26. 同月10日、本件スポーツ仲裁パネルは、審問開催について、「スポーツ仲裁パネル決定(6)」を行った。
27. 同月11日、X1は、機構に対し、「スポーツ仲裁パネル決定(5)」に記載した質問事項の回答期限の延長についての「上申書」を提出した。
28. 同月13日、本件スポーツ仲裁パネルは、「スポーツ仲裁パネル決定(5)」に記載した質問事項の回答期限の延長についての「スポーツ仲裁パネル決定(7)」を行った。
29. 同月17日、被申立人は、機構に対し、「準備書面」を提出した。
30. 同月20日、本件スポーツ仲裁パネルは、X1が2013年9月3日付で提出した「証人尋問申請書」について、意見を求める「スポーツ仲裁パネル決定(8)」を行った。

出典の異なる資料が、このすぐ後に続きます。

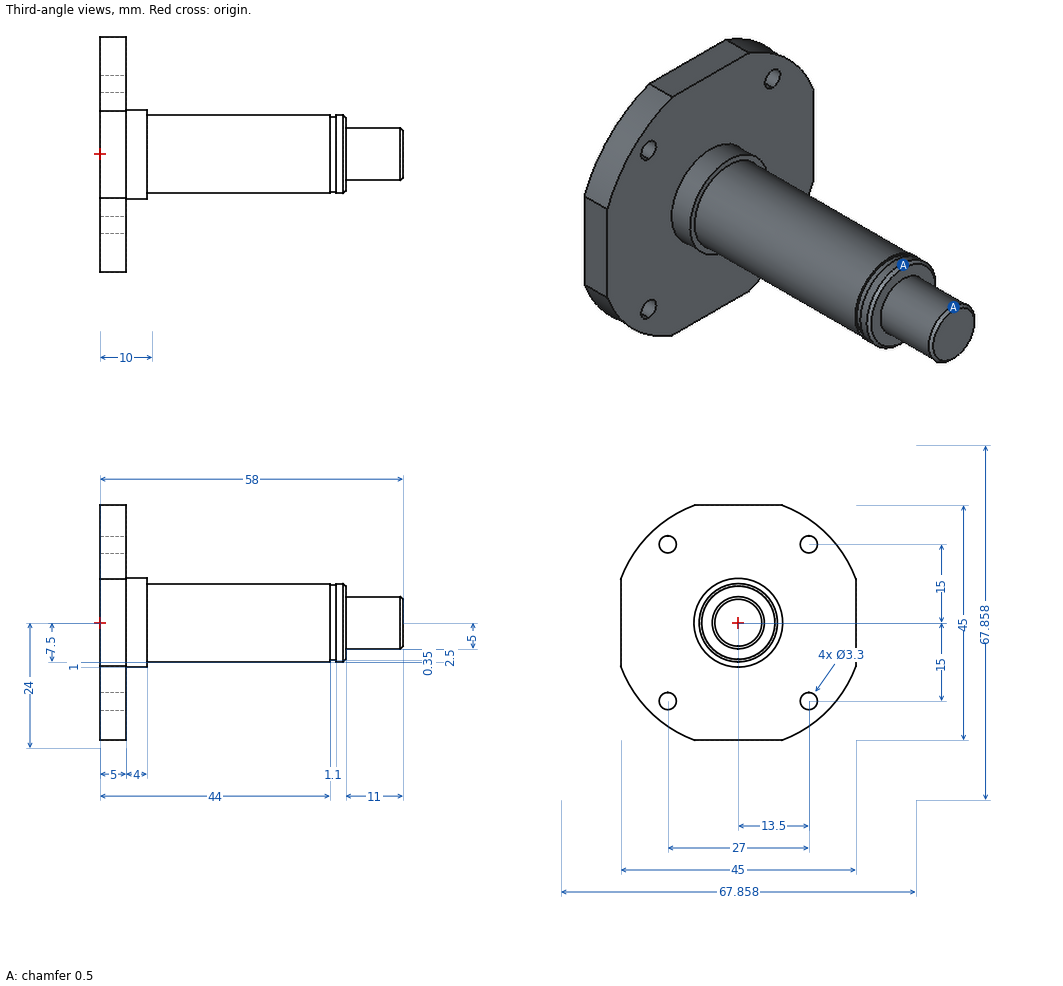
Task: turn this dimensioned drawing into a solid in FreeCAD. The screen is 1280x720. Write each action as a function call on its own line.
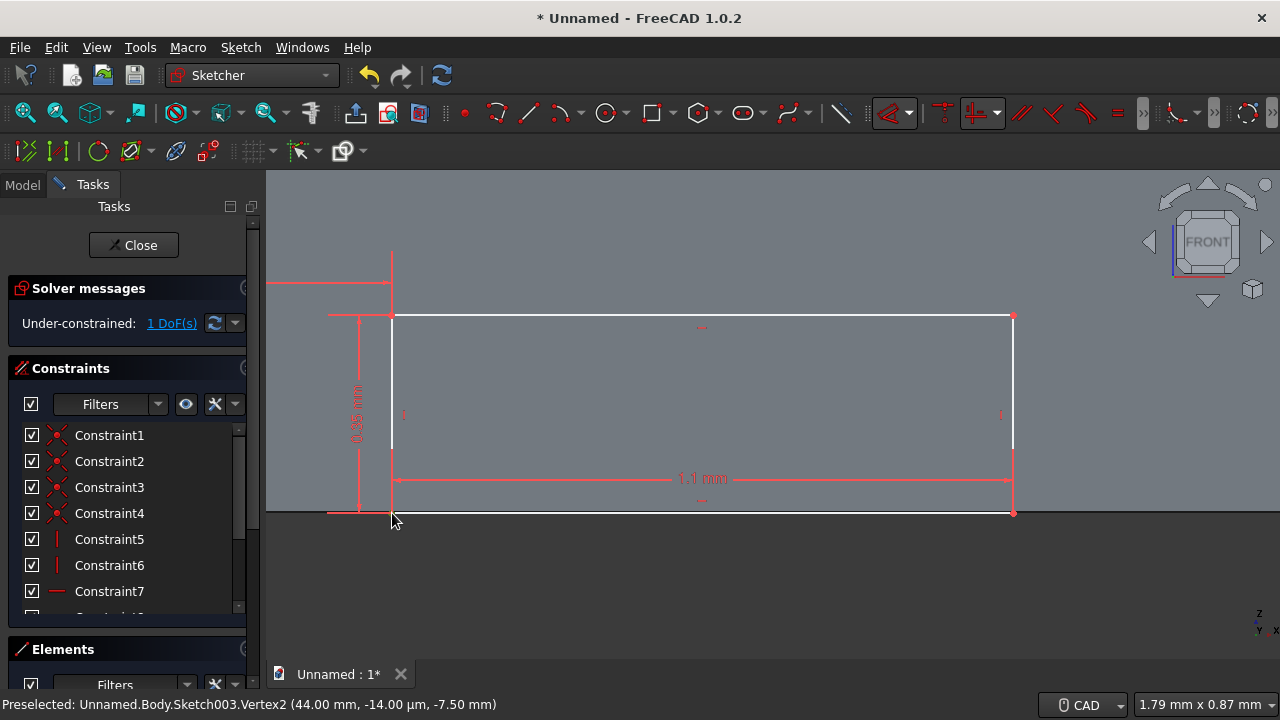
key(i)

31. 同月24日、X1は、機構に対し、「準備書面2」を提出した。
同日、X2・X3は、機構に対し、「準備書面4」、「検証申出書」、「文書(証拠)提出命令申立書」、「証人尋問申請書」、「証拠説明書」、及び「書証(甲B17号証、甲B18号証)」を提出した。
同日、被申立人は、機構に対し「準備書面」を提出した。
32. 同月26日、本件スポーツ仲裁パネルは、X2・X3が2013年9月24日付で提出した「検証申出書」、「文書(証拠)提出命令申立書」及び「証人尋問申請書」について、意見を求める「スポーツ仲裁パネル決定(9)」を行った。
33. 同月30日、X1は、機構に対し「証拠説明書(3)」、「証拠書類整理一覧表」及び「書証(甲A43号証)」を提出した。
同日、X2・X3は、機構に対し「準備書面5」を提出した。
同日、被申立人は、機構に対し「準備書面」を提出した。
34. 同年10月1日、本件スポーツ仲裁パネルは、2013年9月3日付X1提出「証人尋問申請書」を却下、2013年9月24日付X2・X3提出「検証申出書」及び「文書(証拠)提出命令申立書」を却下、同日付X2・X3提出「証人尋問申請書」についてはX1・X2・X3に対する尋問についてだけ採用する旨の「スポーツ仲裁パネル決定(10)」を行った。
同日、X2・X3は、機構に対し「上申書」を提出した。
同日、池田記子は、機構に対し本件において、スポーツ仲裁パネルからの依頼により速記者を務めることにつき承諾する旨の「回答書」及び「誓約書」を提出した。併せて、本件スポーツ仲裁パネルは、本件審問において、池田記子を速記者として採用する旨等の「スポーツ仲裁パネル決定(11)」を行った。
35. 同月2日、東京において、審問が開催され、当事者に対する証人尋問が行われた。本件スポーツ仲裁パネルは、審理の終結を決定した。
以上は,仲裁判断の謄本である。